The main issue in the Court’s ruling is whether the trial court correctly concluded that the DOL lacked authority to exclude domestic service employees who were employed by third parties from coverage under the exemption. The trial court found that the Fair Labor Standards Act (“FLSA”) was clear and did not allow the DOL the authority to revise the exemption to exclude individuals employed by third parties. The Court noted that in a previous case,Evelyn Coke v. Long Island Care at Home, the U.S. Supreme Court had expressly concluded that the FLSA was ambiguous and that the question regarding whether third-party employers can rely on the exemption was an issue for the DOL to decide through rulemaking.

Once the court concluded that the DOL had the authority to promulgate the regulation, the only remaining question was whether the DOL’s revised regulation was reasonable. This step of review tends to be very deferential to the agency. The Court found the DOL had considered the impact of the changes to providers, workers and patients. The Court specifically noted that the DOL had considered data from 15 states that had eliminated the companionship exemption. Based upon the DOL’s review, the regulation was found to be a reasonable exercise of the DOL’s authority and should be upheld. The Court then reversed the trial court’s ruling on the revised definition of companionship services because the providers lacked standing to challenge it.

Practical Takeaways

As a result of this ruling, third-party employers will not be able to rely upon the companionship services exemption. Home care providers who had continued to rely upon it as a result of the trial court’s ruling must now revisit their scheduling practices. Providers must assess whether they can afford to pay employees they categorized as exempt companions overtime and, if not, how to reduce employee hours to avoid overtime.

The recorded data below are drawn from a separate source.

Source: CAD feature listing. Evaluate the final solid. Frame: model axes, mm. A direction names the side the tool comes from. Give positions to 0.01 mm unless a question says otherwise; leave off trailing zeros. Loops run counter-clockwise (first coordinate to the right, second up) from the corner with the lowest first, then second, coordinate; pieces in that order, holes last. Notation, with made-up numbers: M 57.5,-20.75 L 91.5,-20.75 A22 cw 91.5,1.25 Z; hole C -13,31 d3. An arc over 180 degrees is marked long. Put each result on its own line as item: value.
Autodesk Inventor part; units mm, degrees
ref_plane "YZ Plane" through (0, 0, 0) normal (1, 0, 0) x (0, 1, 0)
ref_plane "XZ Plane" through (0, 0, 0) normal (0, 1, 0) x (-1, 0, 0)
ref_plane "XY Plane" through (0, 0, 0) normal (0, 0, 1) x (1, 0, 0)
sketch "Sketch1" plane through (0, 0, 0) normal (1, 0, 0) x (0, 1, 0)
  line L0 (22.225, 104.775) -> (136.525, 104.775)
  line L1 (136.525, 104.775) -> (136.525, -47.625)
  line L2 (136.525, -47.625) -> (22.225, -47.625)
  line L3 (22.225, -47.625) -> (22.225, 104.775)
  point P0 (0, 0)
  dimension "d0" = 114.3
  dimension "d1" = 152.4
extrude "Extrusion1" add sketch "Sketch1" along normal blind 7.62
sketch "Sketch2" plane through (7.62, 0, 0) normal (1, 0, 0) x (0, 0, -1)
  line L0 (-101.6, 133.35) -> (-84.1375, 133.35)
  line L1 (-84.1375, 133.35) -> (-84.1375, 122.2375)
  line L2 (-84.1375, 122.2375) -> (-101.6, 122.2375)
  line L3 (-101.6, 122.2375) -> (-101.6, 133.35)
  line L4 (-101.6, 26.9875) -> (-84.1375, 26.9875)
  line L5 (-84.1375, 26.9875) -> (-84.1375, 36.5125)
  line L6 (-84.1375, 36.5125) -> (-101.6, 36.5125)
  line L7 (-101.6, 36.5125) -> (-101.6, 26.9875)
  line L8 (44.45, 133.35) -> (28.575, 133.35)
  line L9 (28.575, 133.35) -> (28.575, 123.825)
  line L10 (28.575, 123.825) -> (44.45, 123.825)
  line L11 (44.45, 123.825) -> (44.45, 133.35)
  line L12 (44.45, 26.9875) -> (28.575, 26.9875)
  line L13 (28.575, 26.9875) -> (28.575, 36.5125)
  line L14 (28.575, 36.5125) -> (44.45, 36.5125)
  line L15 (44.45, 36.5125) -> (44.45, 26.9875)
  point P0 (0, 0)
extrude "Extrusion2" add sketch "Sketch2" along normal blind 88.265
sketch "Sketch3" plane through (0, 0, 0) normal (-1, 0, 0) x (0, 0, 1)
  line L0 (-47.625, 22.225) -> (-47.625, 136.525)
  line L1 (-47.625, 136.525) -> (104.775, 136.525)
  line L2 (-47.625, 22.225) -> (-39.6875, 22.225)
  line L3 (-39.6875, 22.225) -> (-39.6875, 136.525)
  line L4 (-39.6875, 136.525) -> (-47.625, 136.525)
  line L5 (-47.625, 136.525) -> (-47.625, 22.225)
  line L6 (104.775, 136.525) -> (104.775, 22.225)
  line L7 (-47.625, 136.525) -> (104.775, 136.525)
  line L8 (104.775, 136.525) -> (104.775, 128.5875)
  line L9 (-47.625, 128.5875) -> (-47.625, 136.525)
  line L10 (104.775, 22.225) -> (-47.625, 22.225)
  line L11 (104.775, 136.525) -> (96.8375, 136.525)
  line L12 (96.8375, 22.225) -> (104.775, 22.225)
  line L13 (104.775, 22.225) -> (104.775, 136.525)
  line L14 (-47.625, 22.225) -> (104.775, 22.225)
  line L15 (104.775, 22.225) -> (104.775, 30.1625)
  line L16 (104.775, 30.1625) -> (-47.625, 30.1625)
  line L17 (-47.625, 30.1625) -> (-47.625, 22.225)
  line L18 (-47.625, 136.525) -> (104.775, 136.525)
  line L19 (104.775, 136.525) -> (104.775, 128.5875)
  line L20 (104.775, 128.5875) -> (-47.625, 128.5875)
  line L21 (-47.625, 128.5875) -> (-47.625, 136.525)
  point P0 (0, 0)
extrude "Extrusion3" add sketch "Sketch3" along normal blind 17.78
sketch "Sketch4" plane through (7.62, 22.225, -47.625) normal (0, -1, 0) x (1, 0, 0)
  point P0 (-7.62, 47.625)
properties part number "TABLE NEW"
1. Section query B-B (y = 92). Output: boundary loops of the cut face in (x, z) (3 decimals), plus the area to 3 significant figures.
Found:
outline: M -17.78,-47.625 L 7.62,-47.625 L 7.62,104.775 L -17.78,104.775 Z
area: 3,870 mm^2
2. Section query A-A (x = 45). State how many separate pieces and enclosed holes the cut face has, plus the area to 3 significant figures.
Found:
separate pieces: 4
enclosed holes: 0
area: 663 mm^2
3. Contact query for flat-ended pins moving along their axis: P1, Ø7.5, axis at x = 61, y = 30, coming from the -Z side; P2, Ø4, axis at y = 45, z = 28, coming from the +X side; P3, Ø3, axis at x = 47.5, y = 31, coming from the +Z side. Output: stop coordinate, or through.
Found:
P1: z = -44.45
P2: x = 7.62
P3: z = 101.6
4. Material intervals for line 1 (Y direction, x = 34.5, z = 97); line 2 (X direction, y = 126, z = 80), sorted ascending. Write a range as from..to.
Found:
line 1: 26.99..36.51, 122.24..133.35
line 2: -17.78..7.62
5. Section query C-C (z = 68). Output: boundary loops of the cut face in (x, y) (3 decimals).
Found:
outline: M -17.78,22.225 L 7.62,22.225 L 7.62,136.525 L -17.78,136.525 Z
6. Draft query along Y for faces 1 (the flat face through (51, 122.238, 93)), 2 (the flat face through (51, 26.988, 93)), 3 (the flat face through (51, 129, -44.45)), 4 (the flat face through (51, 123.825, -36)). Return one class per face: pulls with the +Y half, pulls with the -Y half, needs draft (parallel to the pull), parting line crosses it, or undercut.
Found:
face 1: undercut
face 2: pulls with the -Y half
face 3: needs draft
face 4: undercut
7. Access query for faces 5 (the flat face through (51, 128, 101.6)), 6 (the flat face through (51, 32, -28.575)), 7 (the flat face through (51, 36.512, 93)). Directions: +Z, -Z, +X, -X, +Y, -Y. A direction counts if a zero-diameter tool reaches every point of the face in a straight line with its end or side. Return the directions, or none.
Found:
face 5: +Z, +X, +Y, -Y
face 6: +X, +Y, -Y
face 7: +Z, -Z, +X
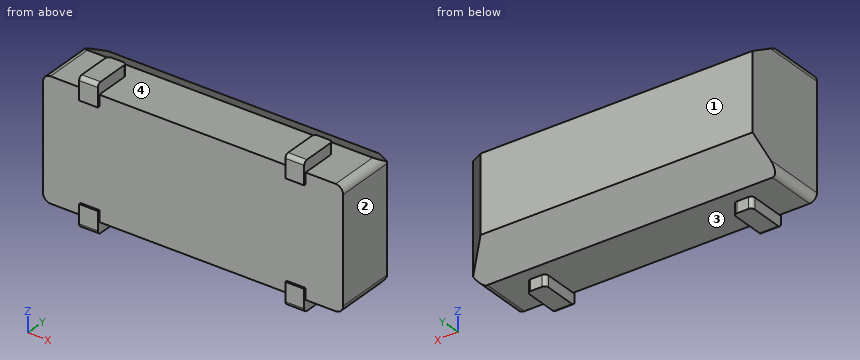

It is not clear when the DOL will begin to require compliance with the new rule. They had previously given providers a grace period to achieve compliance. Perhaps they may provide a similar grace period at this juncture. The bottom line is that providers should now revisit the impact of using non-skilled workers, such as home health aids, hospice aids and attendants, more than 40 hours a week as they will soon have to be paid overtime.